Tuesday, January 08, 2008

Compiler overhaul

I'm back from vacation, and I've overhauled how the Factor compiler recompiles changed definitions. The code is in my git repo but it is not entirely stable. Proceed with caution.

This post is extremely technical and touches on Factor internals. You certainly don't have to understand Factor's low-level workings to use it. But, if you understand the implementation, you will have a better idea of how to write great code -- just like with any other language.

First, some background and history.

The very first iterations of Factor were purely interpreted. The interpreter was a very simple loop, it would traverse quotations, pushing literals and executing words. Words would be executed by recursively invoking the interpreter on a word's "definition" slot, which itself was a quotation.

This is a "late binding" interpreter, because words could be redefined, which updated their definition slot, and successive invocations of that word would immediately pick up the definition.

The following code was valid in early Factor:
: foo 3 ;

: bar [ 2 ] \ foo set-word-def foo ;

The bar word would return 2 on the stack, because after it redefined foo, the new definition took effect immediately.

Pretty early on, Factor got a native (x86 only, at first) compiler. I decided that having all word calls be indirect in compiled code would be too inefficient, and would negate many of the benefits of having a compiler, so I went with an early binding design.

When a word was compiled, all words that it called were compiled first; and a call to a word was compiled as a direct jump to the address of that code's definition in the code heap.

This hindered interactive development; reloading a source file would replace definitions, but they'd only take effect for subsequently compiled words, not those words using these definitions which have already been compiled. Haskell's "ghci" works this way, and they consider it a feature; I consider it a bug.

I quickly realized that there was an easy way to fix this issue, at least temporarily. I added cross-referencing support (thus giving us the usage word that is so useful when refactoring code). When a word was redefined, all words that called that word -- either directly or indirectly -- had their compiled definitions discarded, and reverted back to interpreter operation.

This meant that the following still didn't work as expected; it would return 3:
: foo 3 ;

: bar [ 2 ] \ foo set-word-def foo ;

This is because while set-word-def would discard the compiled definition of bar, after returning, the activation frame on the call stack still ,pointed inside the old compiled definition of bar, and this old compiled definition of bar jumped to the old compiled definition of foo, which pushed 3 on the stack. However, subsequent invocations of bar would call the interpreted definition, which was up to date.

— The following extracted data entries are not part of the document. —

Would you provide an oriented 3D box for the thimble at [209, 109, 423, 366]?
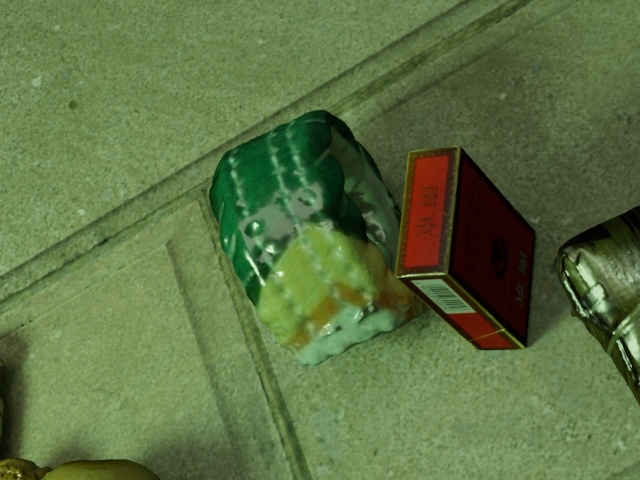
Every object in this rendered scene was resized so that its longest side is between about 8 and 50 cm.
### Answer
[{"bbox_3d":[0.000,0.000,1.939,0.167,0.254,0.288,-27,63,15],"label":"thimble"}]

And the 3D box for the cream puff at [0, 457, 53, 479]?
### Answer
[{"bbox_3d":[-0.379,0.344,2.051,0.103,0.126,0.144,-115,39,-63],"label":"cream puff"}]

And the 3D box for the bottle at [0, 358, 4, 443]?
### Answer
[{"bbox_3d":[-0.469,0.241,2.172,0.110,0.097,0.209,-13,60,23],"label":"bottle"}]

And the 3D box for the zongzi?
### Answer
[{"bbox_3d":[0.426,0.077,1.768,0.286,0.134,0.288,-27,74,4],"label":"zongzi"}]

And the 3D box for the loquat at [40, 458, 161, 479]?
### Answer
[{"bbox_3d":[-0.261,0.353,1.942,0.213,0.213,0.213,-12,62,23],"label":"loquat"}]

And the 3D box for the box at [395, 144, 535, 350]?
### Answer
[{"bbox_3d":[0.166,0.014,1.850,0.074,0.240,0.153,-8,64,25],"label":"box"}]
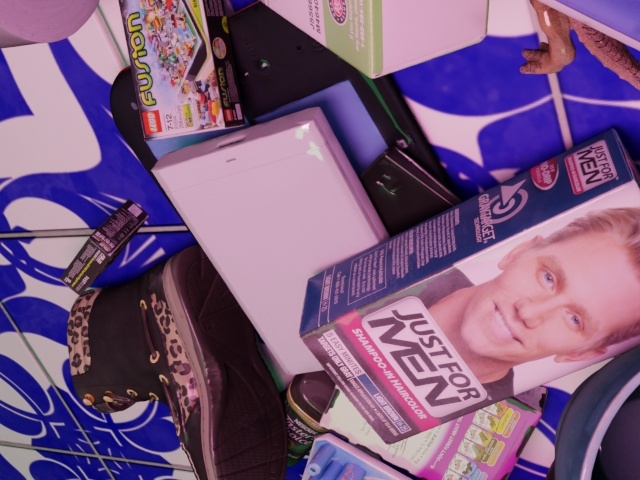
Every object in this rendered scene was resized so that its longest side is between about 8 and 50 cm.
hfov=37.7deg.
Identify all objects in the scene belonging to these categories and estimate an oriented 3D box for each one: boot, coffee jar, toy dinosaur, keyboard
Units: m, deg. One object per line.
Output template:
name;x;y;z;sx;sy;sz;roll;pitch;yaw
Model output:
boot;-0.206;0.210;1.289;0.284;0.138;0.377;-13;94;42
coffee jar;-0.023;0.240;1.302;0.096;0.079;0.184;38;136;-2
toy dinosaur;0.188;-0.236;0.668;0.127;0.295;0.200;-8;166;8
keyboard;0.000;0.000;1.048;0.202;0.033;0.317;36;131;-10

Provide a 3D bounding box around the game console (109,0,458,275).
game console;-0.032;-0.071;1.058;0.342;0.060;0.386;-14;119;39

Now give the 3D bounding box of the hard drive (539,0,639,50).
hard drive;0.268;-0.215;0.606;0.319;0.040;0.210;22;97;-14

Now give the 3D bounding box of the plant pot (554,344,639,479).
plant pot;0.321;0.202;0.811;0.272;0.271;0.255;36;178;0

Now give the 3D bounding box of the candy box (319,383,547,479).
candy box;0.135;0.204;1.146;0.233;0.071;0.159;26;114;9

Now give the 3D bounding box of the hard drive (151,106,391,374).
hard drive;-0.022;0.015;1.022;0.203;0.040;0.307;-13;122;29

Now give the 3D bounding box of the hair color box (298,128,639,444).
hair color box;0.170;0.056;0.919;0.347;0.105;0.174;-27;116;21

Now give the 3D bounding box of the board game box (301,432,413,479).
board game box;0.120;0.473;1.234;0.390;0.050;0.390;27;132;13

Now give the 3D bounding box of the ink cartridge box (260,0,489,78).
ink cartridge box;0.005;-0.277;0.725;0.273;0.115;0.198;43;148;43

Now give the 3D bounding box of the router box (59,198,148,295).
router box;-0.291;0.010;1.259;0.038;0.092;0.122;41;136;-6

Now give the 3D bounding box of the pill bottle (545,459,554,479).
pill bottle;0.375;0.334;1.109;0.219;0.123;0.123;43;136;-8

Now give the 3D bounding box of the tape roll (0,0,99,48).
tape roll;-0.306;-0.300;0.912;0.072;0.219;0.219;2;127;28

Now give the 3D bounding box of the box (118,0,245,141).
box;-0.148;-0.211;0.964;0.114;0.036;0.206;-5;99;34
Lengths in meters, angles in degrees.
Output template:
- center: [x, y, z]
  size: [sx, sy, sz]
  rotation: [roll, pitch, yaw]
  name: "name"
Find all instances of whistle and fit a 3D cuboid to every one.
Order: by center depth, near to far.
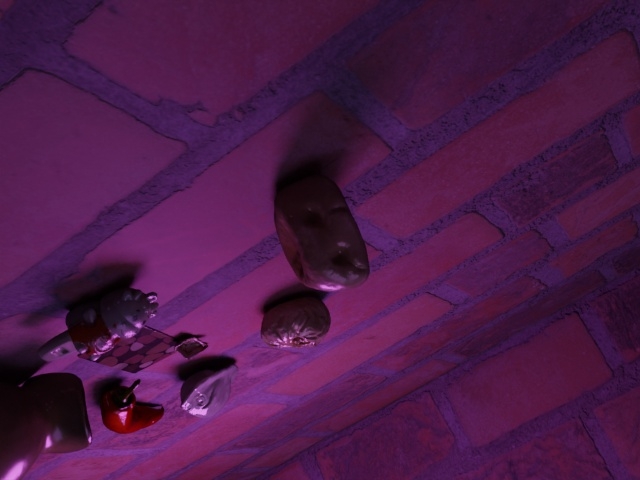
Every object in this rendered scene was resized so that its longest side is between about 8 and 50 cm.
- center: [-0.413, 0.159, 1.428]
  size: [0.253, 0.106, 0.102]
  rotation: [-27, 115, 6]
  name: "whistle"

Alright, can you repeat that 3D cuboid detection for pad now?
- center: [-0.411, 0.245, 1.709]
  size: [0.158, 0.003, 0.235]
  rotation: [-28, 155, 7]
  name: "pad"

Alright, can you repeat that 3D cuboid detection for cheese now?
- center: [0.000, 0.000, 1.357]
  size: [0.117, 0.218, 0.235]
  rotation: [-23, 134, -12]
  name: "cheese"

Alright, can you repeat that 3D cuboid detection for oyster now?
- center: [-0.302, 0.245, 1.770]
  size: [0.051, 0.034, 0.093]
  rotation: [-51, 143, 2]
  name: "oyster"

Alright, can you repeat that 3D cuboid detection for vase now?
- center: [-0.670, 0.381, 1.538]
  size: [0.329, 0.241, 0.302]
  rotation: [-8, -176, 38]
  name: "vase"

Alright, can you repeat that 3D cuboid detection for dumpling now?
- center: [-0.298, 0.380, 1.986]
  size: [0.108, 0.153, 0.219]
  rotation: [15, -179, 16]
  name: "dumpling"

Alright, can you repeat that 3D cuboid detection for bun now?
- center: [-0.055, 0.207, 1.826]
  size: [0.164, 0.111, 0.188]
  rotation: [-29, 158, 18]
  name: "bun"

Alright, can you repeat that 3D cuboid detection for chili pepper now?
- center: [-0.482, 0.419, 1.918]
  size: [0.137, 0.092, 0.368]
  rotation: [-38, 166, -16]
  name: "chili pepper"
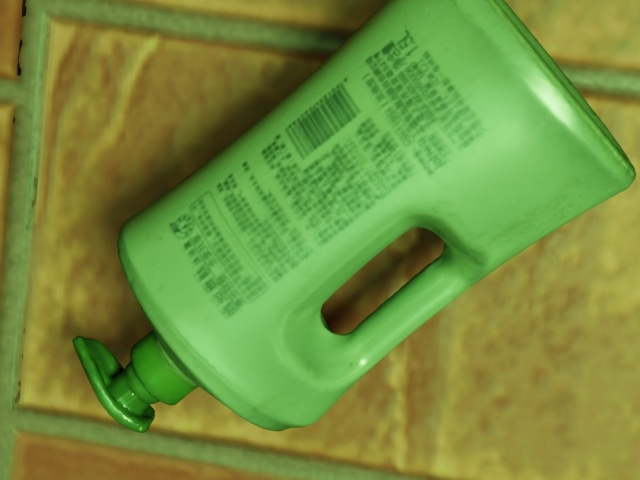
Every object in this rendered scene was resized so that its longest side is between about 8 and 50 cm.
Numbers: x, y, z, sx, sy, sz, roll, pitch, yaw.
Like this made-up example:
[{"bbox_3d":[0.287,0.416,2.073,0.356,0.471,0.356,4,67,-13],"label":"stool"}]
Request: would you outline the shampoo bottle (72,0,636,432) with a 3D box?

This approach was better, but it had an obvious flaw. While all words were compiled on bootstrap, if you did a lot of heavy development, especially on core code, more and more words would revert to interpreted mode over time. So sometimes, you'd have to manually call compile-all to recompile everything.

When generic words came along, there was a new complication. Suppose you loaded a source file which added methods on sequence generic words such as nth, length, or other generic words such as equal? which are frequently called. To ensure correct behavior, and that the new definitions were used, Factor would discard compiled definitions of all words which called nth (or whatever); and all words which called words which called nth, and so on; since the majority of the words that one would write can trace a call path down to sequence words, this meant that the majority of words in the system would magically lose their compiled definitions and subsequently would run in the interpreter. So at one point, a frequently reported "problem" was that loading some libraries, such as "contrib/math" at the time, would slow down factor tremendously. The "solution" we gave newbies was to call compile-all after loading libraries; compiling all words, of course, takes a while.

Some time around Factor 0.84, I came up with an improved solution. When a word was redefined, the compiler would find all words which depended on that word, but instead of discarding their compiled definition, it would just flag them for recompilation. At a later time, the recompile word would recompile all words flagged for recompilation. The parser and module system were designed in a clever way so that recompile was called after loading a source file or module.

This approach worked well for a long time, but it still had two issues: first, long compile pauses, and second, it was possible to observe out-of-date definitions, just like the original compiler that didn't care about preserving the illusion of late binding, and unlike the subsequent design which decompiled all dependents.

The first problem, long compile pauses, was an issue when loading new sequence implementations, new assoc implementations, classes which defined new equality and hashing methods, and so on. The majority of the words in the system would have to be recompiled, which is not something you want to subject the developer to, since the compiler is designed to trade off compile time for quality of generated code.

The second issue is more subtle, and is a consequence of the first. When loading a module containing multiple source files, the compiler did not recompile changed words after each file, since this might end up recompiling many words multiple times. Instead, it postponed recompilation until after the module was done loading.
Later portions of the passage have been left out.